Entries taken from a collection
-*-

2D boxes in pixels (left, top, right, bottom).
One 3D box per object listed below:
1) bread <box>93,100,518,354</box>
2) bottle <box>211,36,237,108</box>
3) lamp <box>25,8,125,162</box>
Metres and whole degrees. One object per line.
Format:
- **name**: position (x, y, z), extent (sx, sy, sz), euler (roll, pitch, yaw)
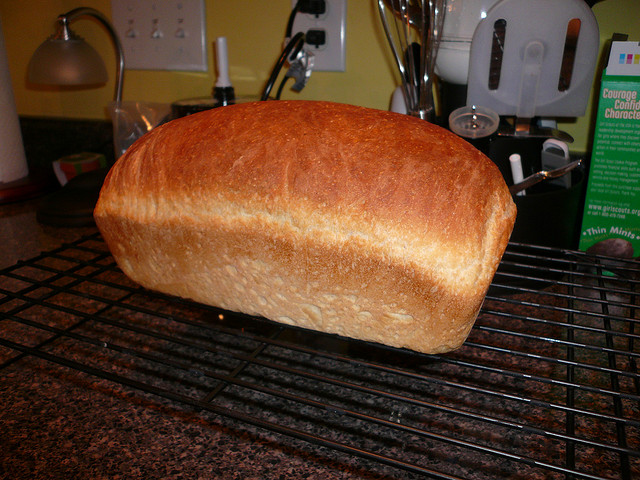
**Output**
- **bread**: position (-0.007, -0.022, 0.802), extent (0.514, 0.236, 0.292), euler (9, 29, 16)
- **bottle**: position (-0.209, -0.382, 1.245), extent (0.053, 0.135, 0.170), euler (-3, 24, -9)
- **lamp**: position (-0.520, -0.399, 1.211), extent (0.212, 0.195, 0.123), euler (-11, 26, -25)

-*-

WHAT TO WORK ON :: Only an exact copy belongs in the answer: the lines from the one containing "Metres and whole" through the end of the records, both ends included, minus the pictures.

FINAL ANSWER ::
Metres and whole degrees. One object per line.
Format:
- **name**: position (x, y, z), extent (sx, sy, sz), euler (roll, pitch, yaw)
**Output**
- **bread**: position (-0.007, -0.022, 0.802), extent (0.514, 0.236, 0.292), euler (9, 29, 16)
- **bottle**: position (-0.209, -0.382, 1.245), extent (0.053, 0.135, 0.170), euler (-3, 24, -9)
- **lamp**: position (-0.520, -0.399, 1.211), extent (0.212, 0.195, 0.123), euler (-11, 26, -25)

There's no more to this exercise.